3. Filter out small objects -- area less than the bottom `area_filter_quartile` of the size distribution of objects.
4. Identify objects in the binary data, using `dask_image.ndmeasure`.
5. Connect objects across time, applying the following criteria for splitting, merging, and persistence:
    - Connected Blobs must overlap by at least fraction `overlap_threshold` of the smaller blob.
    - Merged Blobs retain their original ID, but partition the child blob based on the parent of the _nearest-neighbour_ cell. 
6. Cluster and reduce the final object ID graph using `scipy.sparse.csgraph.connected_components`.
7. Map the tracked objects into ID-time space for convenient analysis.

N.B.: Exploits parallelised `dask` operations with optimised chunking using `flox` for memory efficiency and speed \
N.N.B.: This example using 40 years of _daily_ outputs at 5km resolution on an Unstructured Grid (15 million cells) using 32 cores takes 
- Full Split/Merge Thresholding & Merge Tracking:  ~40 minutes

In [1]:
import xarray as xr
import dask
from getpass import getuser
from pathlib import Path

import spot_the_blOb as blob
import spot_the_blOb.helper as hpc

In [None]:
# Start Dask Cluster
#  N.B.: Need ~ 8 GB per worker (for 5km data // 15 million points)
client = hpc.StartLocalCluster(n_workers=50, n_threads=1)
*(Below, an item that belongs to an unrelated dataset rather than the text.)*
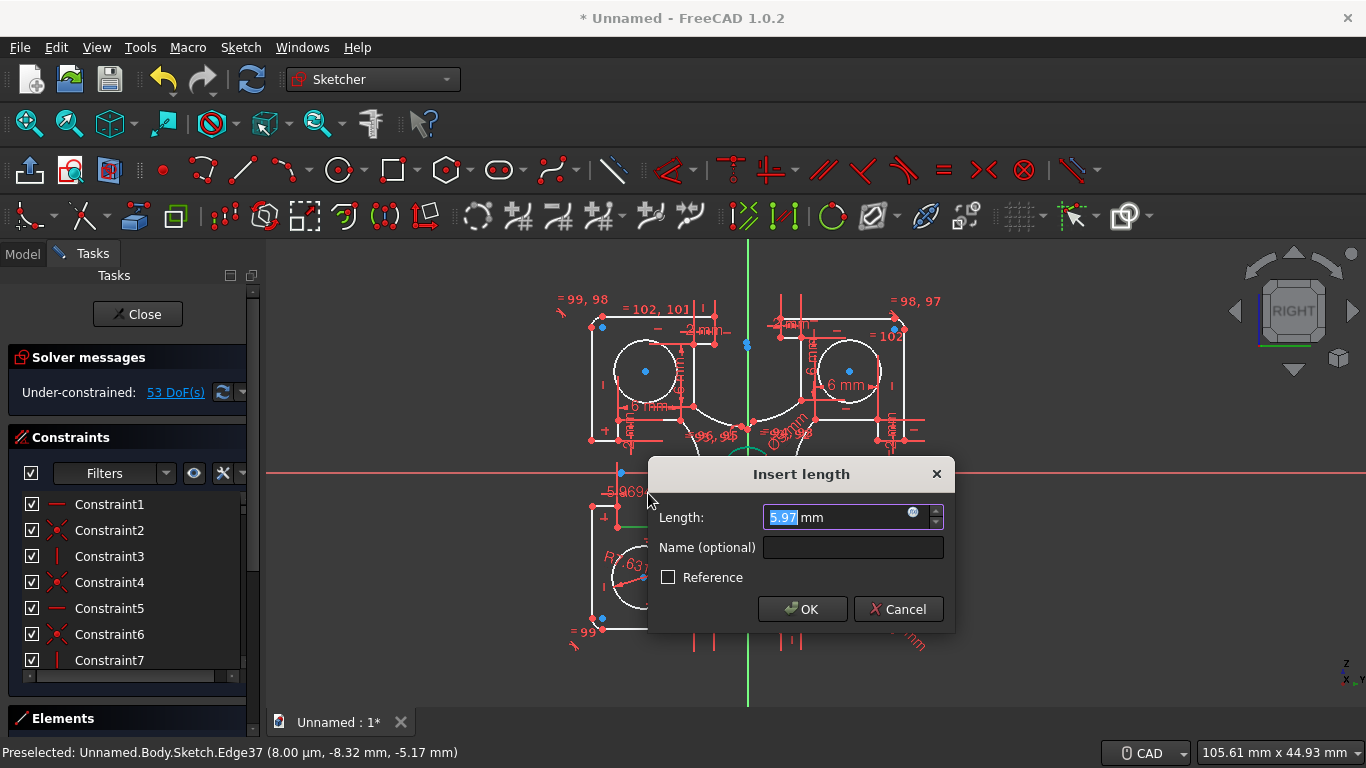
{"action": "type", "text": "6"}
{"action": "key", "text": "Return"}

Memory per Worker: 10.07 GB
Hostname is  l40350
Forward Port = l40350:8787
Dashboard Link: localhost:8787/status


2025-03-05 16:08:59,209 - distributed.scheduler - ERROR - Task ('time-process_time_group-846d5b50c23b7d5eb4885116cf269579-1f7ddd71154233697df67d71c18a2113', 0) marked as failed because 4 workers died while trying to run it
2025-03-05 16:08:59,210 - distributed.scheduler - ERROR - Task ('time-process_time_group-846d5b50c23b7d5eb4885116cf269579-6b37991365f0d07b047e76e1464c30dd', 13) marked as failed because 4 workers died while trying to run it
2025-03-05 16:08:59,210 - distributed.scheduler - ERROR - Task ('time-process_time_group-846d5b50c23b7d5eb4885116cf269579-7bba9799d68c5f2399e4f36f6fc472fa', 9) marked as failed because 4 workers died while trying to run it
2025-03-05 16:08:59,216 - distributed.scheduler - ERROR - Task ('time-process_time_group-846d5b50c23b7d5eb4885116cf269579-cc7ddd918ab3590237fe88344e573ca4', 8) marked as failed because 4 workers died while trying to run it
2025-03-05 16:08:59,224 - distributed.scheduler - ERROR - Task ('time-process_time_group-846d5b50c23b7d5eb4

In [3]:
# Load Pre-processed Data (cf. `01_preprocess_extremes.ipynb`)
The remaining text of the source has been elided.